Class II- These people are borne with some organizational skills, have great ambition, they want to test their skills and prove their class. They also take the associations to an elevated heights. Usually they remain aloof whenever their duties are over, but help whenever they are asked for.

Class III- These people have time, they do not have any problems of earning. They join the organization, do some work, enjoy their responsibilities. They take everything in their stride and keep on increasing the active participants. These people create a great impression of the organization and increase the membership number.

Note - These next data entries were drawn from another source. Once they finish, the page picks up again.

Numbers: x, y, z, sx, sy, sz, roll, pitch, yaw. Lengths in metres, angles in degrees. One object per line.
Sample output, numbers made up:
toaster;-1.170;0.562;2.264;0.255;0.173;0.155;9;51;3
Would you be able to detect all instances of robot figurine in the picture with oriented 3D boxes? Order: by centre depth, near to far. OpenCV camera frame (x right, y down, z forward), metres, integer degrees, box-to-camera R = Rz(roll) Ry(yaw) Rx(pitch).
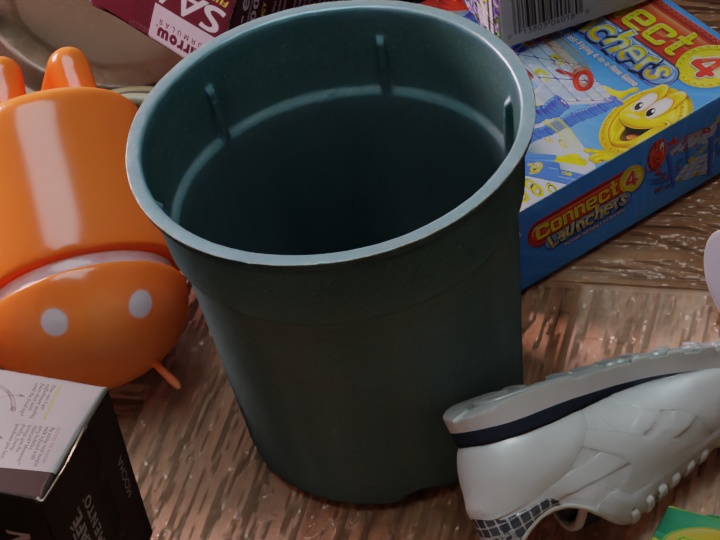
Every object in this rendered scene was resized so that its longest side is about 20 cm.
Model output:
robot figurine;-0.157;-0.020;1.399;0.117;0.144;0.200;-28;67;30

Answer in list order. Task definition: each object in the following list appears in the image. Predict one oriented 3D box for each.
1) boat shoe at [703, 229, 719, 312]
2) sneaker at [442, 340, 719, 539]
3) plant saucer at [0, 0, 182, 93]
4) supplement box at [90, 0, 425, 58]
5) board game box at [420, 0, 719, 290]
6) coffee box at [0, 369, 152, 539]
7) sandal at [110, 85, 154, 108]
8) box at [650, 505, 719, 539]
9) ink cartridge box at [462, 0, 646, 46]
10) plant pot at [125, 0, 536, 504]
boat shoe;0.264;0.030;1.317;0.066;0.070;0.200;-21;37;-34
sneaker;0.135;0.083;1.286;0.200;0.081;0.076;-15;-2;-24
plant saucer;-0.151;-0.169;1.613;0.200;0.029;0.200;3;51;-4
supplement box;-0.051;-0.174;1.543;0.109;0.061;0.200;32;31;29
board game box;0.101;-0.096;1.495;0.196;0.056;0.200;-30;45;-19
coffee box;-0.218;0.108;1.300;0.200;0.113;0.080;8;45;21
sandal;-0.091;-0.057;1.477;0.201;0.080;0.057;4;42;16
box;0.168;0.186;1.178;0.117;0.048;0.200;13;46;24
ink cartridge box;0.091;-0.218;1.548;0.109;0.050;0.200;-19;43;-13
plant pot;0.000;0.000;1.306;0.200;0.196;0.200;-7;42;6
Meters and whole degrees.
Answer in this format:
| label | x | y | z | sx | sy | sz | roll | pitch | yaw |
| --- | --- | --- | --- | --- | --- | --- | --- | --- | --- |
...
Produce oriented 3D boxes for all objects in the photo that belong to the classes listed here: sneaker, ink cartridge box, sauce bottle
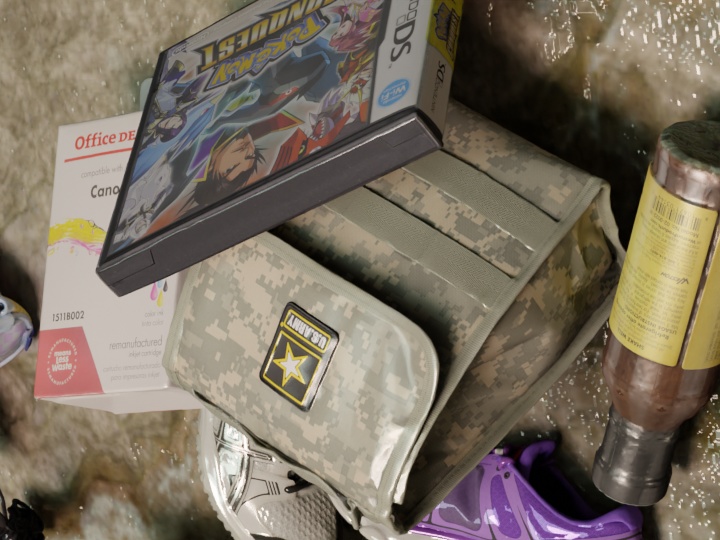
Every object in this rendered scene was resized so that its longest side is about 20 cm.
| label | x | y | z | sx | sy | sz | roll | pitch | yaw |
| --- | --- | --- | --- | --- | --- | --- | --- | --- | --- |
| sneaker | 0.070 | 0.123 | 1.364 | 0.199 | 0.080 | 0.084 | 19 | 102 | 28 |
| ink cartridge box | -0.117 | -0.025 | 1.414 | 0.116 | 0.067 | 0.201 | -7 | 74 | 43 |
| sauce bottle | 0.154 | 0.025 | 1.239 | 0.065 | 0.065 | 0.201 | 32 | 124 | 29 |
| sneaker | -0.050 | 0.079 | 1.439 | 0.087 | 0.075 | 0.201 | -20 | 93 | 45 |

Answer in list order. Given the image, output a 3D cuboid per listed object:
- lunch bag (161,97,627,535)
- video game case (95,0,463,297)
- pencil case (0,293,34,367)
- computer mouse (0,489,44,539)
| label | x | y | z | sx | sy | sz | roll | pitch | yaw |
| --- | --- | --- | --- | --- | --- | --- | --- | --- | --- |
| lunch bag | 0.012 | 0.016 | 1.262 | 0.164 | 0.200 | 0.118 | 31 | 165 | 30 |
| video game case | -0.036 | -0.089 | 1.267 | 0.199 | 0.181 | 0.026 | -24 | 125 | 28 |
| pencil case | -0.297 | -0.014 | 1.622 | 0.200 | 0.083 | 0.091 | 50 | 152 | 17 |
| computer mouse | -0.277 | 0.117 | 1.594 | 0.200 | 0.046 | 0.140 | 52 | 180 | -11 |
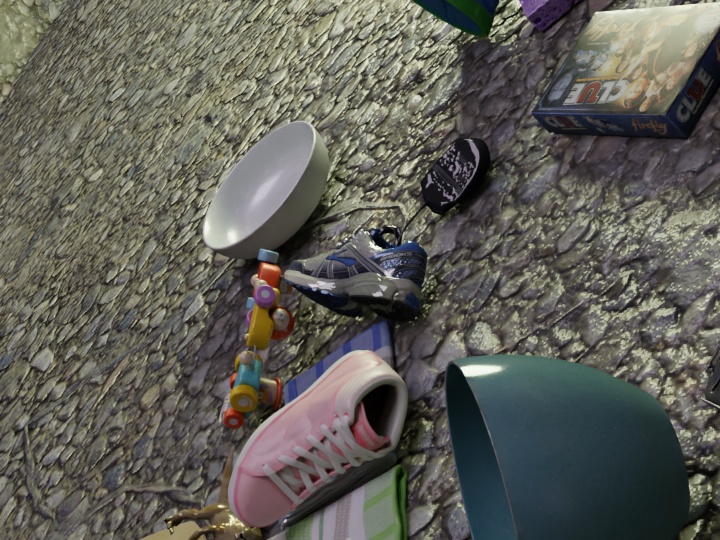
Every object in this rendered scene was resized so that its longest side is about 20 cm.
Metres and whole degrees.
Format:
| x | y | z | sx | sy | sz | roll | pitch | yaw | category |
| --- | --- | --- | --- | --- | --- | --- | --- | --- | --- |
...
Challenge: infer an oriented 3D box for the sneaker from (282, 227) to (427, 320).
| x | y | z | sx | sy | sz | roll | pitch | yaw | category |
| --- | --- | --- | --- | --- | --- | --- | --- | --- | --- |
| 0.000 | 0.000 | 1.393 | 0.199 | 0.077 | 0.086 | 6 | 68 | 47 | sneaker |

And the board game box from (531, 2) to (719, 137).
| x | y | z | sx | sy | sz | roll | pitch | yaw | category |
| --- | --- | --- | --- | --- | --- | --- | --- | --- | --- |
| 0.269 | -0.194 | 1.288 | 0.136 | 0.035 | 0.200 | -57 | 29 | -13 | board game box |

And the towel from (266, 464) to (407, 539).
| x | y | z | sx | sy | sz | roll | pitch | yaw | category |
| --- | --- | --- | --- | --- | --- | --- | --- | --- | --- |
| -0.040 | 0.268 | 1.177 | 0.199 | 0.031 | 0.150 | -35 | 32 | 25 | towel |

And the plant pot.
| x | y | z | sx | sy | sz | roll | pitch | yaw | category |
| --- | --- | --- | --- | --- | --- | --- | --- | --- | --- |
| 0.148 | 0.146 | 0.920 | 0.134 | 0.201 | 0.200 | -13 | 30 | -6 | plant pot |

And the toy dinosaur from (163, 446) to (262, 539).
| x | y | z | sx | sy | sz | roll | pitch | yaw | category |
| --- | --- | --- | --- | --- | --- | --- | --- | --- | --- |
| -0.139 | 0.252 | 1.322 | 0.101 | 0.059 | 0.200 | -26 | 18 | -6 | toy dinosaur |

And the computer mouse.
| x | y | z | sx | sy | sz | roll | pitch | yaw | category |
| --- | --- | --- | --- | --- | --- | --- | --- | --- | --- |
| 0.070 | -0.060 | 1.422 | 0.200 | 0.034 | 0.059 | -48 | 53 | 13 | computer mouse |

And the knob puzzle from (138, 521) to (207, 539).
| x | y | z | sx | sy | sz | roll | pitch | yaw | category |
| --- | --- | --- | --- | --- | --- | --- | --- | --- | --- |
| -0.216 | 0.342 | 1.333 | 0.218 | 0.031 | 0.220 | -24 | 33 | 17 | knob puzzle |

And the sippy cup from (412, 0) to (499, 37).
| x | y | z | sx | sy | sz | roll | pitch | yaw | category |
| --- | --- | --- | --- | --- | --- | --- | --- | --- | --- |
| 0.126 | -0.369 | 1.578 | 0.131 | 0.139 | 0.178 | -59 | 21 | 2 | sippy cup |

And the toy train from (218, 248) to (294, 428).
| x | y | z | sx | sy | sz | roll | pitch | yaw | category |
| --- | --- | --- | --- | --- | --- | --- | --- | --- | --- |
| -0.104 | 0.078 | 1.446 | 0.150 | 0.055 | 0.202 | 165 | 118 | -82 | toy train |

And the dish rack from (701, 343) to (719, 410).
| x | y | z | sx | sy | sz | roll | pitch | yaw | category |
| --- | --- | --- | --- | --- | --- | --- | --- | --- | --- |
| 0.319 | 0.052 | 0.899 | 0.154 | 0.055 | 0.200 | -52 | 28 | -6 | dish rack |

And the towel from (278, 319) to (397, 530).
| x | y | z | sx | sy | sz | roll | pitch | yaw | category |
| --- | --- | --- | --- | --- | --- | --- | --- | --- | --- |
| -0.024 | 0.148 | 1.306 | 0.147 | 0.024 | 0.201 | -35 | 31 | 24 | towel |

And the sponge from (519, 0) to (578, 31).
| x | y | z | sx | sy | sz | roll | pitch | yaw | category |
| --- | --- | --- | --- | --- | --- | --- | --- | --- | --- |
| 0.264 | -0.365 | 1.507 | 0.200 | 0.030 | 0.112 | -39 | 29 | 21 | sponge |

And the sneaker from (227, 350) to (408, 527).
| x | y | z | sx | sy | sz | roll | pitch | yaw | category |
| --- | --- | --- | --- | --- | --- | --- | --- | --- | --- |
| -0.035 | 0.158 | 1.200 | 0.200 | 0.075 | 0.105 | -46 | 22 | -10 | sneaker |

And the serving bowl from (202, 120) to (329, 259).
| x | y | z | sx | sy | sz | roll | pitch | yaw | category |
| --- | --- | --- | --- | --- | --- | --- | --- | --- | --- |
| -0.109 | -0.090 | 1.670 | 0.200 | 0.066 | 0.201 | -35 | 31 | 25 | serving bowl |

Class IV- They are real troubles. It is obvious that they come to achieve the laurels only. That too, they want it by the hard work of others and Recently an experienced senior friend of mine commented that these people come here to play politics because in real politics they just cannot survive. Surprisingly and sadly, we are getting these types more in our organizations.

I feel, to achieve greatness one has to learn the qualities of great people and keep on improving your performance. And off course ONE must judge one’s qualities and decide one’s real class and also whether you are worthy of becoming somebody in the organization, before working for the associations.